My Mothers Bookshelf
- janeazuka
- Jul 29, 2020
- 2 min read
My mother's bookshelf is color coded; hues of colors perfectly falling one into another, children's storybooks next to radical black feminists; my yearbooks sit aligned with Harry Potter. The system of organization suggests a rejection of the Dewey Decimal System which lays the structure for her work as a librarian. It is also an embrace of a higher organized self. My own bookshelf at home is color coded now and I cannot imagine it any other way. This bookshelf, access to knowledge, fantasy, truth, magic and history provided me with educational opportunity in ways I am just now beginning to truly understand.

The first time I did a privilege walk was in high school (where I was one of maybe four black girls in a class of 200). The intention of the exercise was to aid us in recognizing our privilege. The impact of the exercise was to make me realize my lack thereof.

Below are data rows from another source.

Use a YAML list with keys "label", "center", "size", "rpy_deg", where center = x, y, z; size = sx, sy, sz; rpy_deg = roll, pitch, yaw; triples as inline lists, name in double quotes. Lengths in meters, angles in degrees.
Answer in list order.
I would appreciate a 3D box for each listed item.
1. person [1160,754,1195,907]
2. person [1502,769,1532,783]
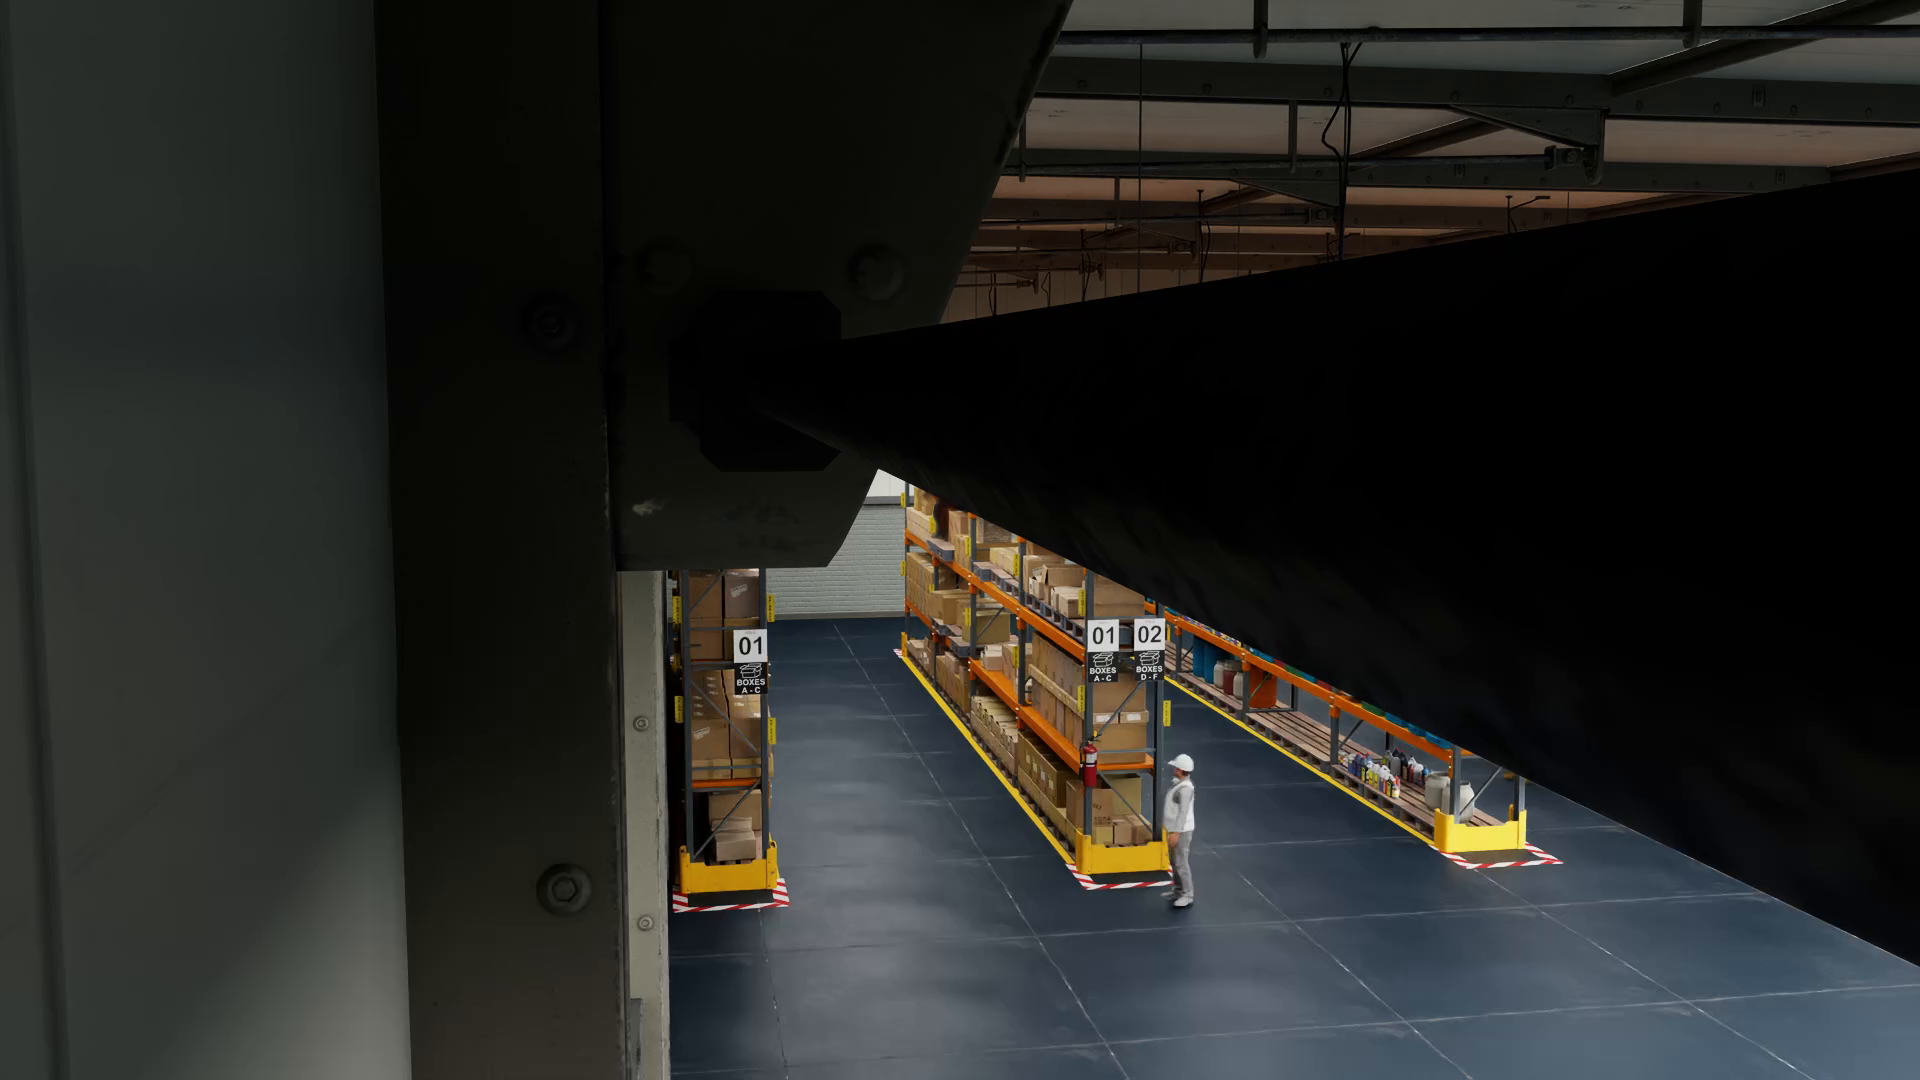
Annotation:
- label: "person"
  center: [2.575, 3.415, 19.621]
  size: [0.403, 1.786, 0.595]
  rpy_deg: [-1, 6, -8]
- label: "person"
  center: [8.571, 2.788, 25.553]
  size: [0.414, 1.789, 0.595]
  rpy_deg: [-4, 7, -32]

I remember being feet behind the rest of my classmates as they stepped forward at almost every question, while me and a Southeast Asian girl stood in the realization of our positionality. Together we stood in the reality that we were not strides ahead, but feet behind the rest, all because of “Take a step forward if your parents are together” or “Take a step forward if there is always food in your fridge” and “Take a step forward if you are white.” So far behind our peers for statements that felt like sheer luck and circumstance. So far behind that the placement almost felt intentional, that we belonged in the back. Then the teacher, coincidentally one of my favorite teachers, a guide and mentor for me in that year and for years to come, asked a question I could pridefully take a giant leap ahead for “Take a step forward if you have more than twenty books in your house”.